We offer practical guidance on the configuration and power distribution of the governance structure of family firms. A balanced distribution of structural power promotes the active participation of non-family executives in formulating and implementating innovation strategies to enhance interaction in the TMTs of family firms. The interaction between family and non-family executives is conducive to overcoming the limitations of resources within the family and integrating the knowledge, experience and skills of both groups more effectively. These findings are a practical guide on how to motivate non-family executives in family firms to participate more actively in innovation decisions, contribute their human and social capital to the implementation of innovation strategies, and improve the innovation efficiency of family firms.
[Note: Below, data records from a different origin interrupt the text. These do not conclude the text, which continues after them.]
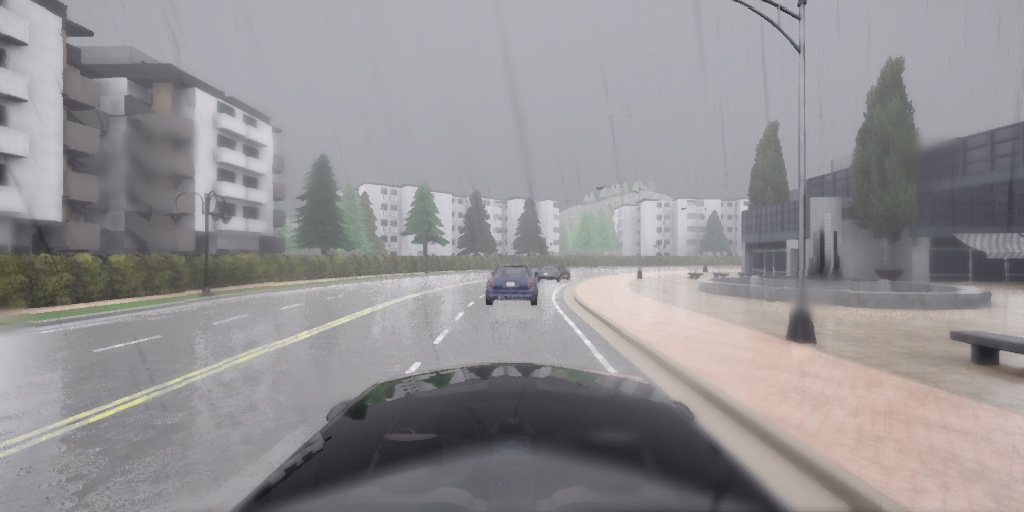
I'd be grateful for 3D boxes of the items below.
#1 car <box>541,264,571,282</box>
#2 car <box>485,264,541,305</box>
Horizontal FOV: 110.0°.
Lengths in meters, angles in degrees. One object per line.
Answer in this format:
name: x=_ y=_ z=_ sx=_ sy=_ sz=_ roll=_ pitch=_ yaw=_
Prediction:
car: x=3.345 y=1.322 z=28.848 sx=1.994 sy=1.385 sz=4.181 roll=0 pitch=0 yaw=24
car: x=0.119 y=1.116 z=16.055 sx=2.097 sy=1.767 sz=4.553 roll=0 pitch=0 yaw=5
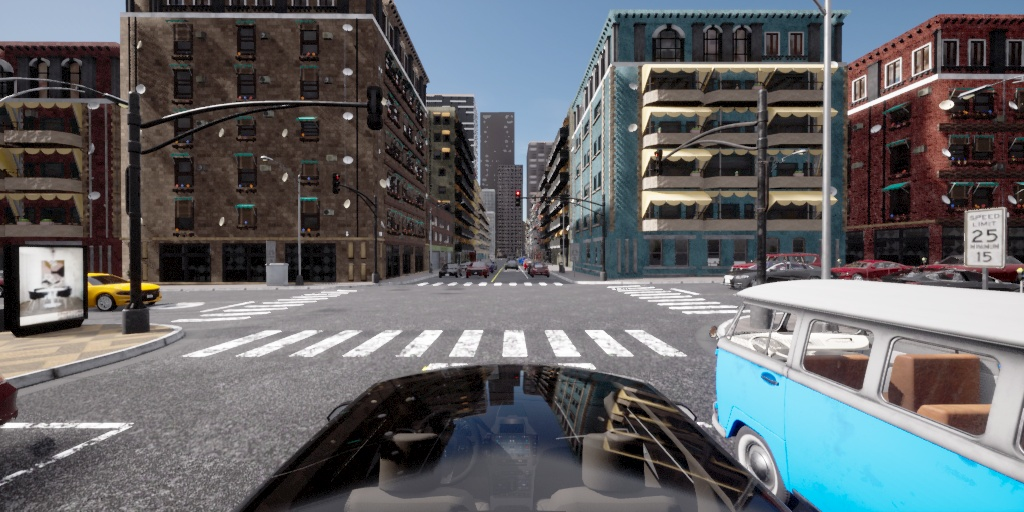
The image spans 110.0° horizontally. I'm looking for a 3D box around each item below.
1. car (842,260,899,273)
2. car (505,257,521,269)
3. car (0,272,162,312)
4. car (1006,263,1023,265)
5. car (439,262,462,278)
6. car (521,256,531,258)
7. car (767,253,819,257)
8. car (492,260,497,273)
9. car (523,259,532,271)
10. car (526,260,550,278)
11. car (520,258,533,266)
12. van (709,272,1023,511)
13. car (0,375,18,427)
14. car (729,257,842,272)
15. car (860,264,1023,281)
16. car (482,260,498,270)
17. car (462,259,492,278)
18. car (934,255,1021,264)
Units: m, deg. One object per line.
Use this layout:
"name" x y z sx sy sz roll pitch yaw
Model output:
"car" 21.295 0.931 21.403 4.507 1.381 1.888 0 0 -1
"car" -0.030 1.327 55.465 1.994 1.385 4.181 0 0 0
"car" -17.910 1.478 15.230 5.008 1.535 1.882 -1 0 -1
"car" 21.336 1.033 13.022 4.207 1.307 1.802 0 0 -1
"car" -5.770 1.319 34.150 1.948 1.339 4.313 0 0 0
"car" 2.998 1.226 64.917 1.801 1.575 5.366 0 0 0
"car" 15.725 0.781 21.349 5.009 1.841 2.192 0 0 -1
"car" -3.196 1.109 43.037 2.097 1.767 4.553 0 0 0
"car" 2.598 1.321 39.681 1.948 1.339 4.313 0 0 0
"car" 2.611 1.335 34.158 1.802 1.307 4.207 0 0 0
"car" 2.571 1.306 50.728 1.888 1.381 4.507 0 0 0
"van" 2.689 1.091 1.764 1.690 1.789 3.998 0 0 0
"car" -5.692 1.332 1.745 1.802 1.307 4.207 0 0 0
"car" 13.689 1.008 18.731 4.902 1.511 2.128 -1 0 -1
"car" 15.766 1.097 12.969 4.313 1.339 1.948 0 0 -1
"car" -3.202 1.326 52.965 1.994 1.385 4.181 0 0 1
"car" -3.177 1.230 33.857 1.882 1.535 5.008 0 0 0
"car" 23.941 0.720 18.836 4.553 1.767 2.097 -1 0 0
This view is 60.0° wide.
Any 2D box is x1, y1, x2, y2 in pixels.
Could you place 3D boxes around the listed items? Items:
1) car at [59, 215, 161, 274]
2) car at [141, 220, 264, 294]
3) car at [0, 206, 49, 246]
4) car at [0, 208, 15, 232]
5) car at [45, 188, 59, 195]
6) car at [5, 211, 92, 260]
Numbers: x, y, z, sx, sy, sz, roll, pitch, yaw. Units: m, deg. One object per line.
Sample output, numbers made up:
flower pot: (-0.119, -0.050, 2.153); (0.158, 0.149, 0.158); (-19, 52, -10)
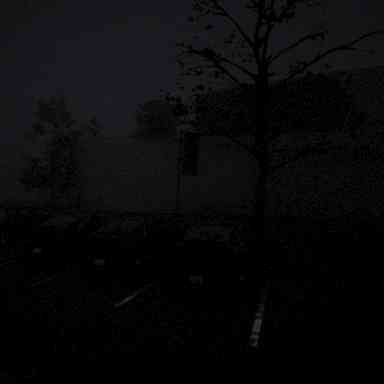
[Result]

Limitations and directions for future researchThere are some limitations in this paper. Firstly, it lacks an examination of the level of affinity between family and non-family members at the emotional level. Under equal structural power distribution, cohesion and coordination are key to improved cooperation between family and non-family executives. By using questionnaires or case studies, future research can explore the issue of "trust" and "closeness" between family executives and non-family in the decision-making process in depth. Secondly, it lacks an examination of the TMT interaction process. Due to restrictions on data collection, the process through which family and non-family executives influence the innovation strategy needs to be further investigated. Future qualitative research can examine the behavior of the family executive team in goal-setting, negotiation and cooperation in the process of making and executing particular strategic decisions in detail. Moreover, patent data are employed as a measure of technological innovation output. It must be acknowledged that patent data have certain limitations, and we encourage future research to employ other indicators, such as new products as a percentage of total sales and number of innovations, to comprehensively measure innovation performance. Lastly, structural power is one type of power in family firms, and future research can continue to focus on other types of power, such as expert and prestige power, to further examine distribution patterns of power in family firms.